VIGIL

The significance of the Vigil was indicated by Jesus, “Watch and pray”. “Watch for you know nor the day nor the hour”.

Vigil in the New Testament.

 Jesus prepared for the great moments of his life by keeping vigil. He prayed in the desert for forty days and nights before beginning his Ministry.

Before extending it to Capharnaum he went to a lonely place to pray. He kept vigil with Peter, James and John on the Mount of Transfiguration to prepare them for his Passion.

One the eve of his Passion he agonized in vigil in Gethsemene.

The Disciples and Mary kept vigil before Pentecost.

The new born Christian Community kept vigil and prayed for release of Peter when he was in prison.

It is expectation. A vigil is expectation in Faith, Hope and Love directed to future and external life. Its heart is joy; not of fulfillment, but of expectation; a hungering and thirst for the Justice of God’s Reign.

It is a struggle. It is a struggle to keep awake, to arouse ourselves from oppression, of drowsiness. The struggle against weariness, discouragement, apathy. During such times we seek to escape the tension by sleep. Vigil is also a struggle against spiritual sleep.

 It is watching in the night. This ‘night’ is the world. “He was in the world and the world knew him not”. The world is humanity in its hard-heartedness, self-centeredness, pride and aggression “Men loved darkness rather than the light, because their deeds were wicked”. Vigil is watching in this night with faith and hope.

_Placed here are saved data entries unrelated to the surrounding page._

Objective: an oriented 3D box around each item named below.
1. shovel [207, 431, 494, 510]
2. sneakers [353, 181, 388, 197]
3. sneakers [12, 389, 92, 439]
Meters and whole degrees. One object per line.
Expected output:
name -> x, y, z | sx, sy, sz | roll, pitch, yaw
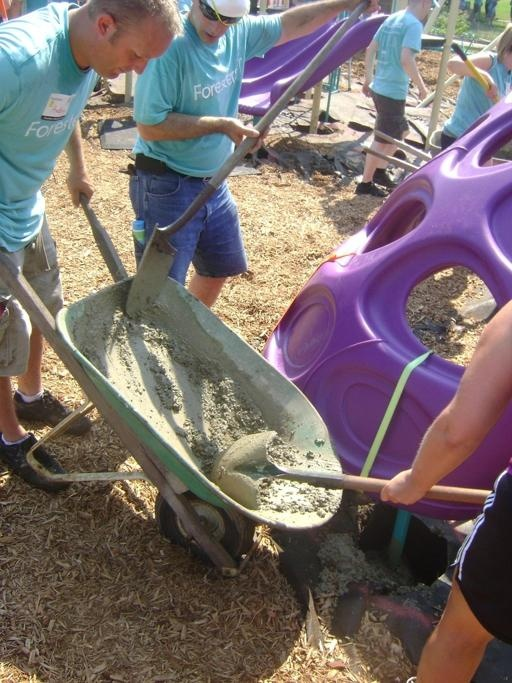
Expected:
shovel -> 0.254, 0.388, 1.822 | 0.802, 0.109, 0.295 | 4, 23, 15
sneakers -> 1.145, -1.529, 6.276 | 0.376, 0.140, 0.119 | 5, 46, -11
sneakers -> -0.863, 0.307, 2.594 | 0.372, 0.144, 0.121 | 18, 37, -18
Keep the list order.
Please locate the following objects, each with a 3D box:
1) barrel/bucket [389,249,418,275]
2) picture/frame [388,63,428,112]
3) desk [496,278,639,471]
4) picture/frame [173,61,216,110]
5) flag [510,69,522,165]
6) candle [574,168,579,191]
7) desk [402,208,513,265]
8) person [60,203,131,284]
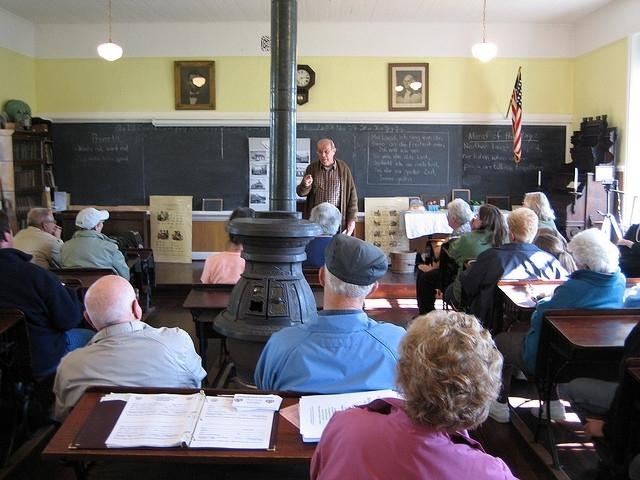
[{"bbox_3d":[1.062,0.277,6.738,0.288,0.225,0.272,1,0,0],"label":"barrel/bucket"},{"bbox_3d":[1.215,-2.170,7.245,0.617,0.722,0.051,-1,8,-3],"label":"picture/frame"},{"bbox_3d":[1.362,0.679,2.887,0.547,0.912,0.924,-1,11,-1],"label":"desk"},{"bbox_3d":[-1.738,-2.200,7.262,0.611,0.731,0.075,1,1,0],"label":"picture/frame"},{"bbox_3d":[2.700,-1.726,7.177,0.201,1.306,0.565,3,12,20],"label":"flag"},{"bbox_3d":[3.284,-0.783,6.686,0.059,0.300,0.290,5,13,29],"label":"candle"},{"bbox_3d":[1.273,-0.046,4.963,0.611,0.251,0.628,-9,19,41],"label":"desk"},{"bbox_3d":[-1.913,0.136,4.389,0.534,0.797,0.405,5,9,7],"label":"person"}]

It is in contrast to the rush of activities and the background boom of noise in which we live. The flood of sights and sounds; the bombardment of expensive advertising; the constant appeal to luxury and pleasure – all this hides from us the inner desert of human despair, or at least the spiritual void that exists. Vigil helps us to search in silence for the Truth and Authenticity. In silence a person encounters the hidden levels of his personality and those influences that profoundly affect his life – but which are covered over by his daytime activity.

 From its earliest days, the Association has held Vigils of Prayer. All Night Vigils were the grounds on which the Apostolate was built. From the beginning Vigils were the extension of Rosary Circles. Our co-operation with Jesus for the salvation of souls must be deeply rooted in prayer and self-sacrifice, for it was mainly by prayer that Jesus, himself, redeemed the world. He saved us not only by his exterior activity of preaching, teaching and suffering but also by the obedience and silence of his hidden life, by his prayer, so often mentioned in the Gospel. Jesus’ plea: "Could you not watch one hour with me”, was taken into the heart of the Apostolate.